Xavi kicks against decision to rescind red card awarded to Vinicius Junior

My Corner

Coach Xavi Hernandez of Barcelona has expressed surprise at the decision to reverse the red card issued to Real Madrid virtuoso Vinicius Junior.

The 22-year-old Brazilian footballer was awarded the red card for slapping Valencia footballer, Hugo Duro after he was racially abused by the club’s fans.

However, on May 23, the Competition Committee of the Spanish Football Federation announced that it had accepted Real Madrid’s complaint and had overturned Vinicius’ red card for slapping Hugo Duro of Valencia.

In the footage the referee was shown before making the red card decision, a clip of Duro grabbing Real Madrid player around the neck with his arm was omitted.

Xavi, who at first supported Vinicius when he reported receiving racial abuse, argued last night that the red card verdict should have stood following the altercation with Hugo Duro.

He said;

“I don’t know if overturning Vinicius Junior’s red card is fair. My thoughts are that racism should be condemned.

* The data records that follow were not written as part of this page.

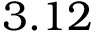<formula> <loc_0><loc_0><loc_500><loc_500>3 . 1 2</formula> 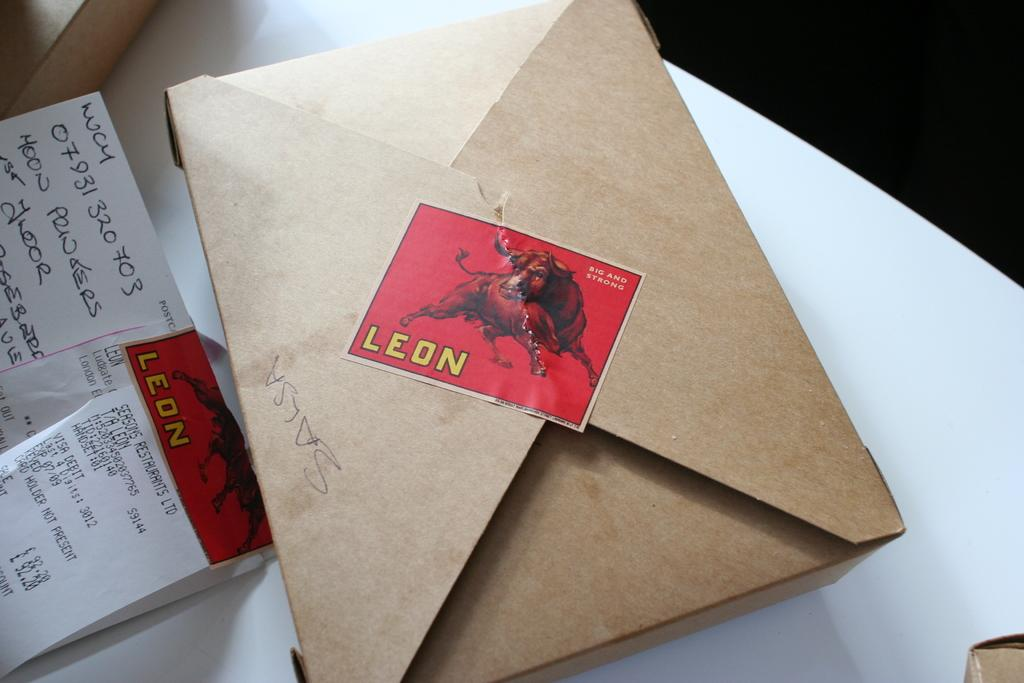Provide a one-sentence caption for the provided image. a brown box is closed with a stamp that says leon. 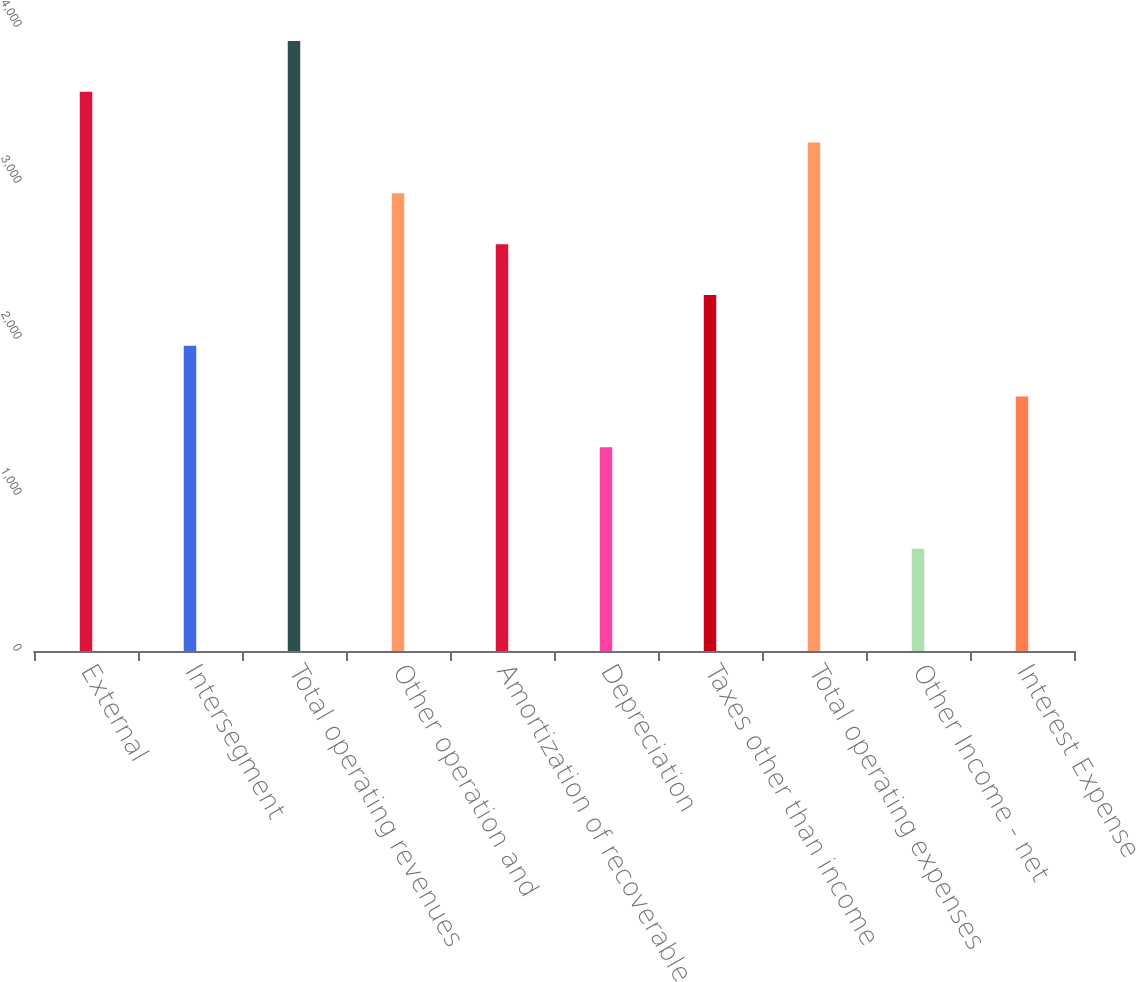Convert chart to OTSL. <chart><loc_0><loc_0><loc_500><loc_500><bar_chart><fcel>External<fcel>Intersegment<fcel>Total operating revenues<fcel>Other operation and<fcel>Amortization of recoverable<fcel>Depreciation<fcel>Taxes other than income<fcel>Total operating expenses<fcel>Other Income - net<fcel>Interest Expense<nl><fcel>3584.5<fcel>1957<fcel>3910<fcel>2933.5<fcel>2608<fcel>1306<fcel>2282.5<fcel>3259<fcel>655<fcel>1631.5<nl></chart> 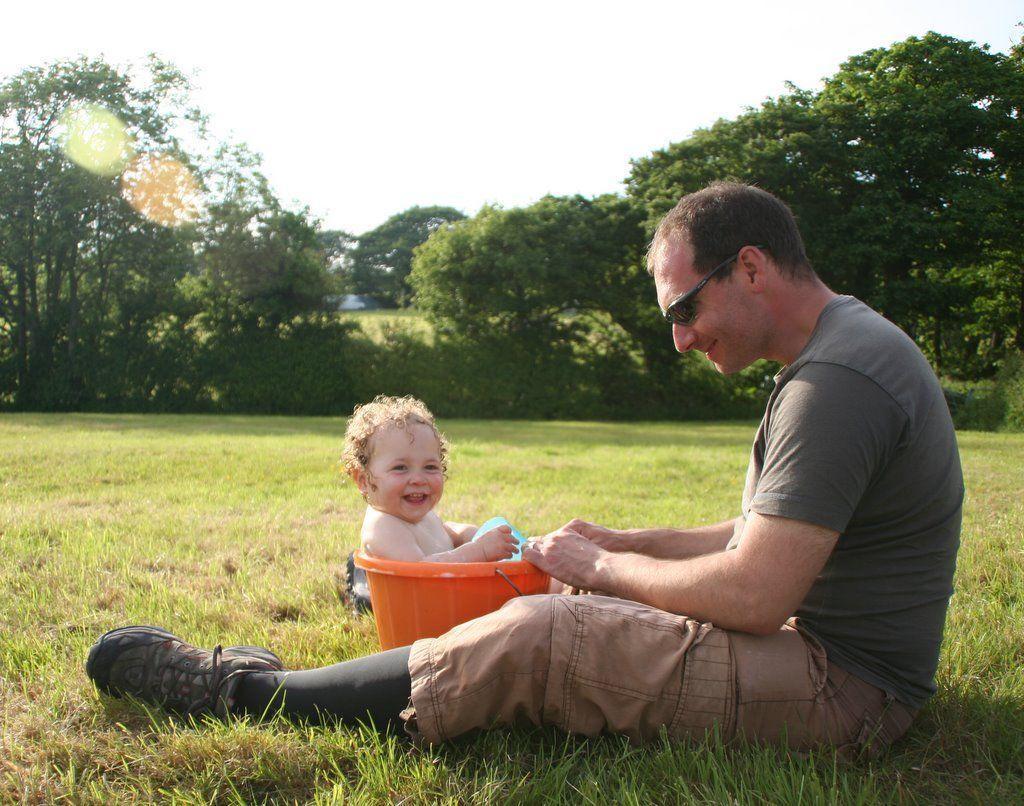Please provide a concise description of this image. This picture is clicked in a garden. There is a man sitting and he is wearing sunglasses. In front of him there is kid sitting in a bucket and he is smiling. There is grass on ground. In the background there are trees and sky.

“It’s a different thing what the players do on the pitch. There was aggression there so I am surprised that they rescinded the red card.”

Xavi in a press conference had previously said the game should have been stopped after the abuse. He said;

“Yes, matches should be stopped. It is the only profession in which insults are accepted. I don’t see any baker or teacher being insulted at work. All this has to be stopped. Try insulting a building worker. I’m sure a brick will fall on your head.

“It doesn’t matter what shirt you wear. Vinicius is a person before he is a footballer. We have to defend the football professional. I don’t understand as a person, as a citizen, that you have to put up with insults.

“We have to get together and get tough. It’s an educational issue. You don’t have to go to a football stadium to insult. If I go to the theatre and I don’t like the play, I leave, but I don’t insult.

“We have to condemn that and educate people. We are in an environment where we are insulted and called names. It is very difficult not to bounce back. We don’t have an educated environment in the world of football.”